| What to do |
Your answer must be an exact repeat of the lines from the one containing "Tell me the" through the last line of the records, both included, with no pictures.

| Records to process |
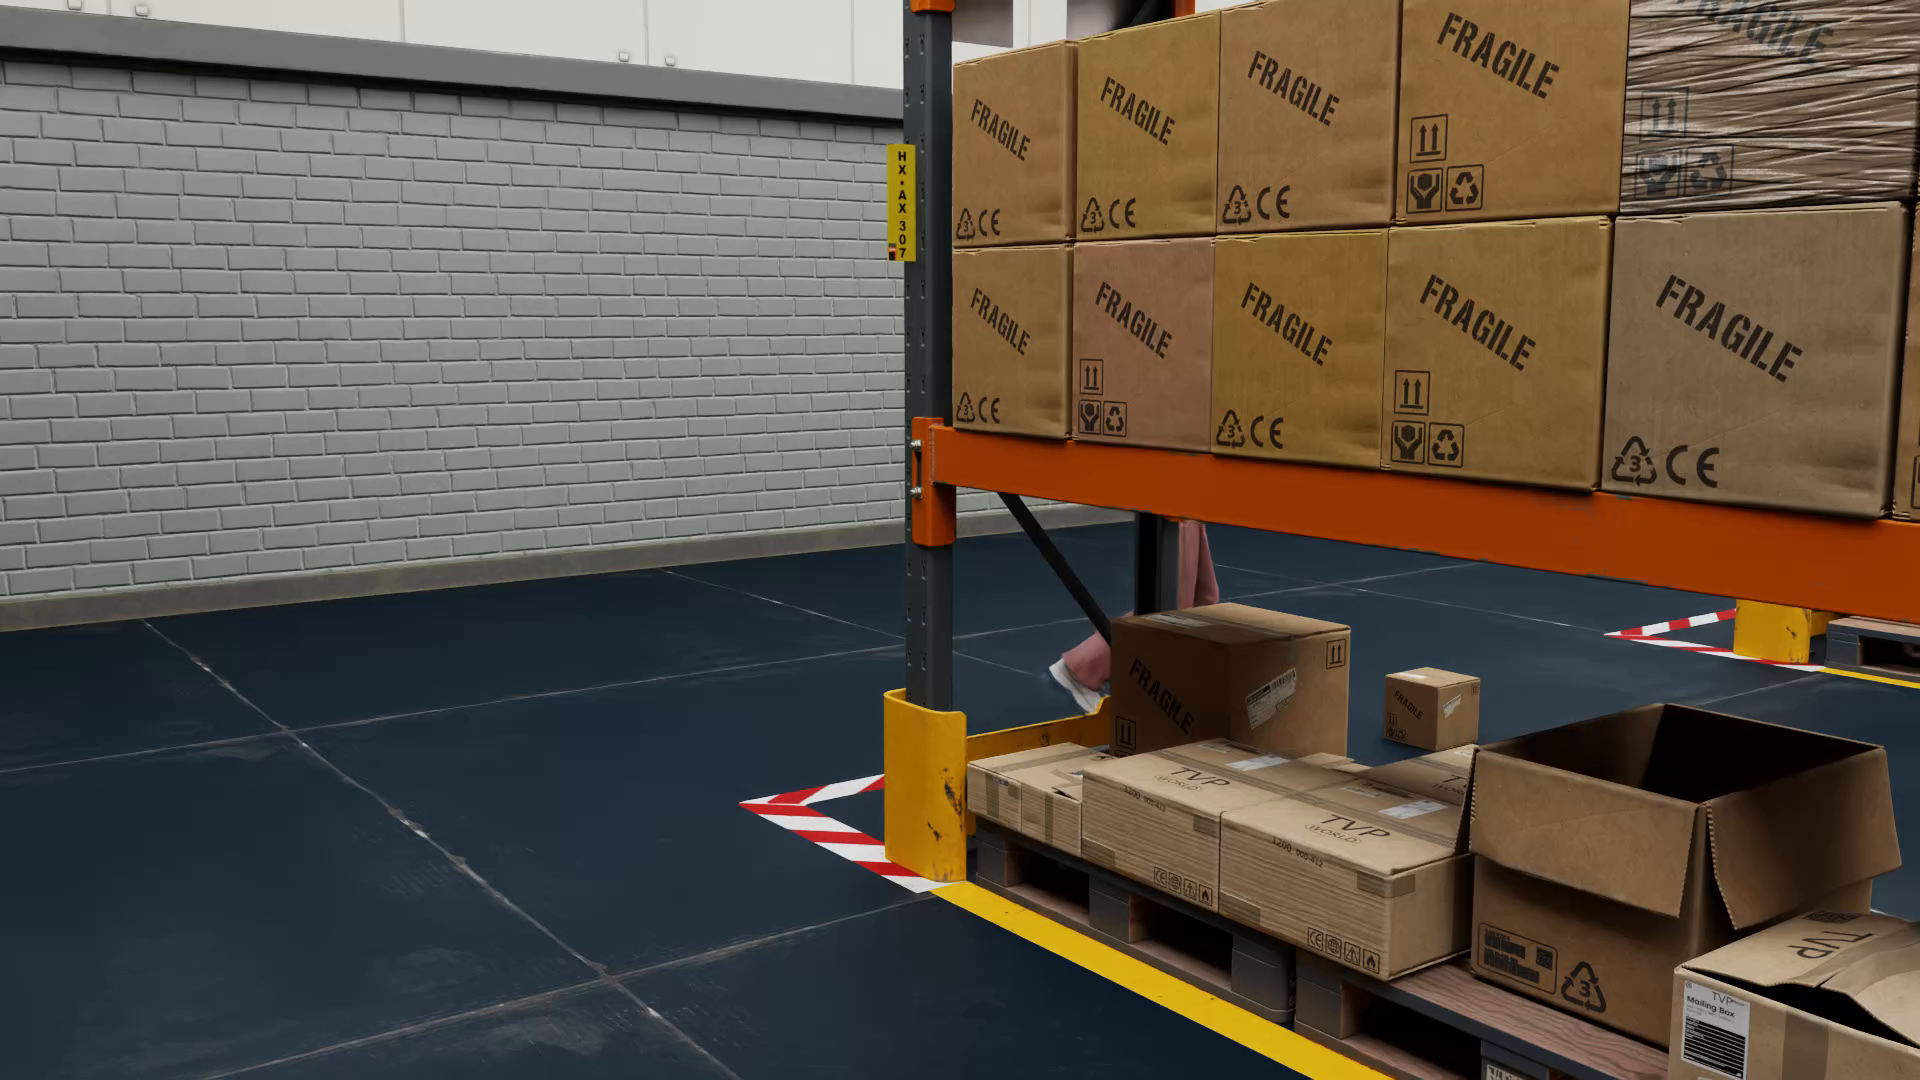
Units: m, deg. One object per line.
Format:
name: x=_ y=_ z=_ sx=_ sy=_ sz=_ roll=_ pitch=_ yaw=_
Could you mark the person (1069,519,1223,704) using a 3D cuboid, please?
person: x=0.795 y=-0.095 z=6.402 sx=0.743 sy=1.664 sz=0.498 roll=1 pitch=8 yaw=4
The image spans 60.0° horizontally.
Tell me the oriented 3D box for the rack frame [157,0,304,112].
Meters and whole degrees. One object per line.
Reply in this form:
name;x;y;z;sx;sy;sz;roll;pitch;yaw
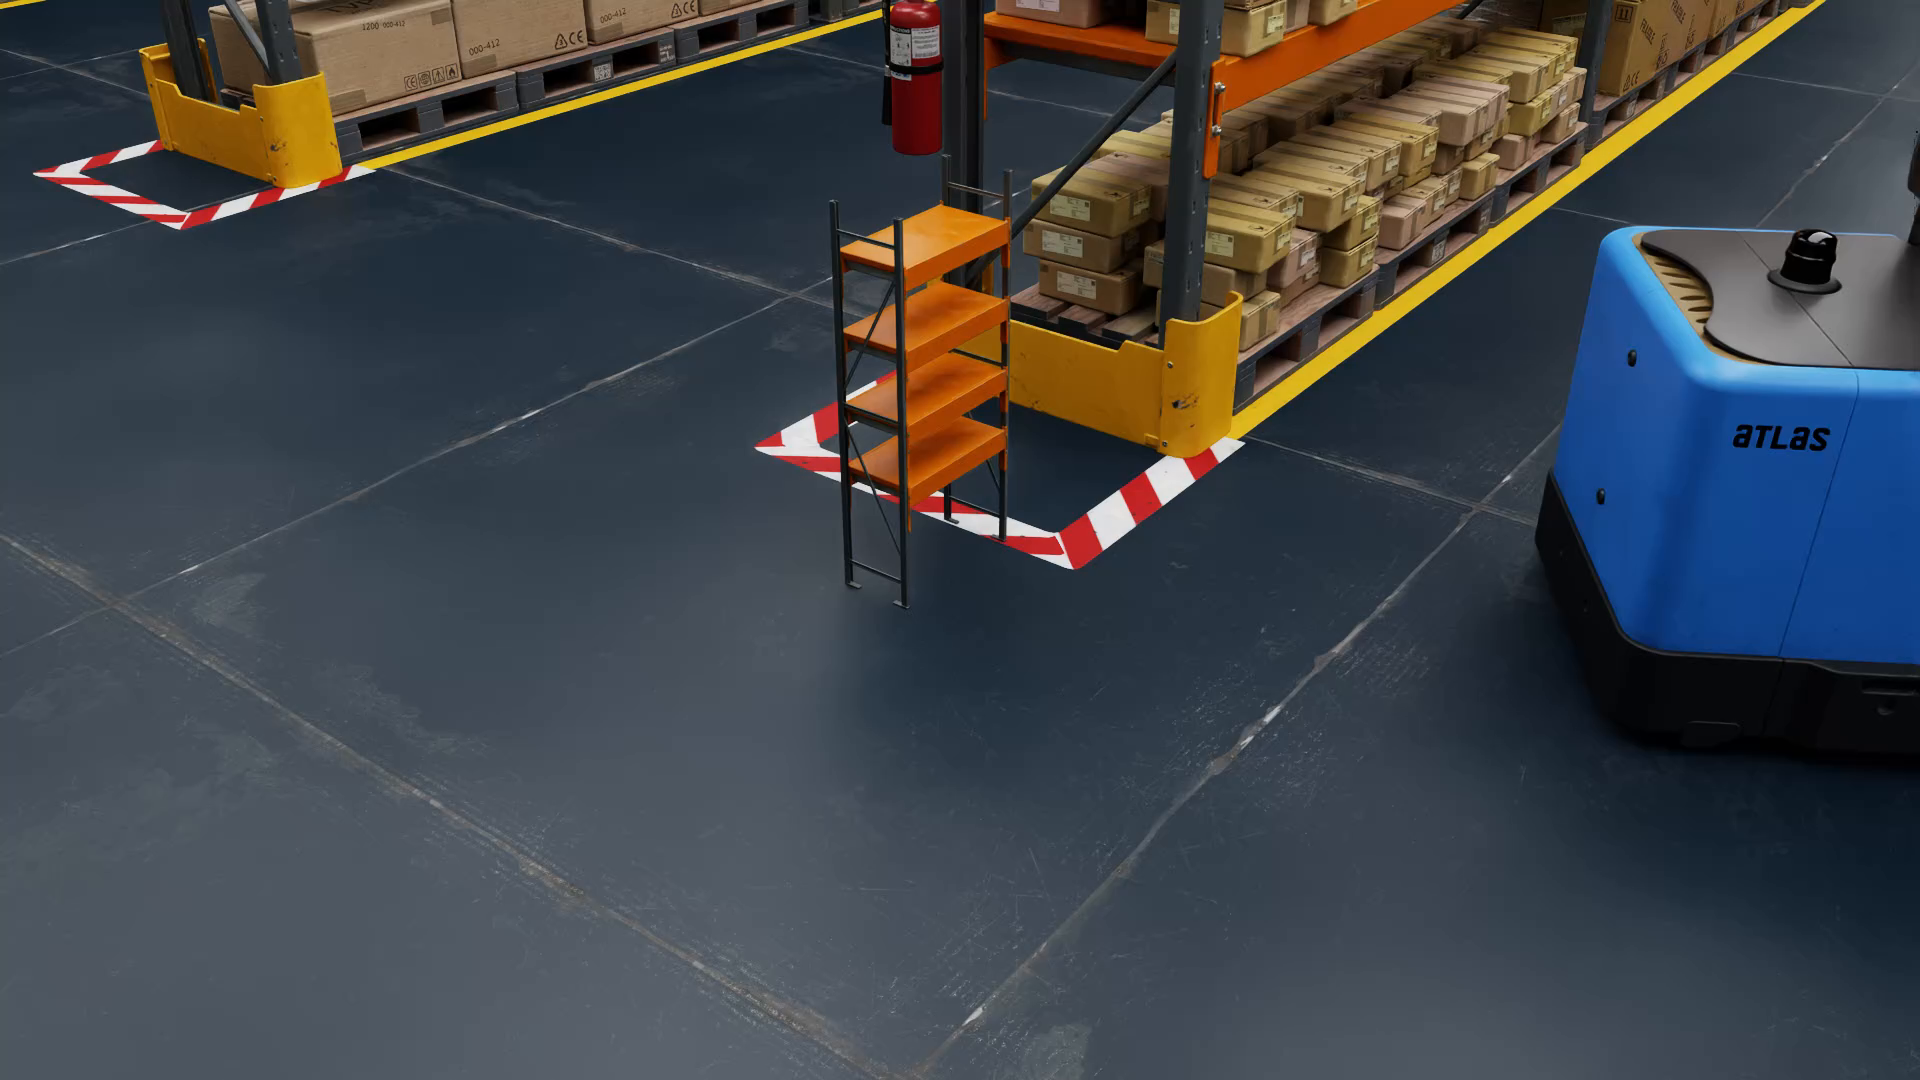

| Answer to this task |
Tell me the oriented 3D box for the rack frame [157,0,304,112].
Meters and whole degrees. One object per line.
Reply in this form:
name;x;y;z;sx;sy;sz;roll;pitch;yaw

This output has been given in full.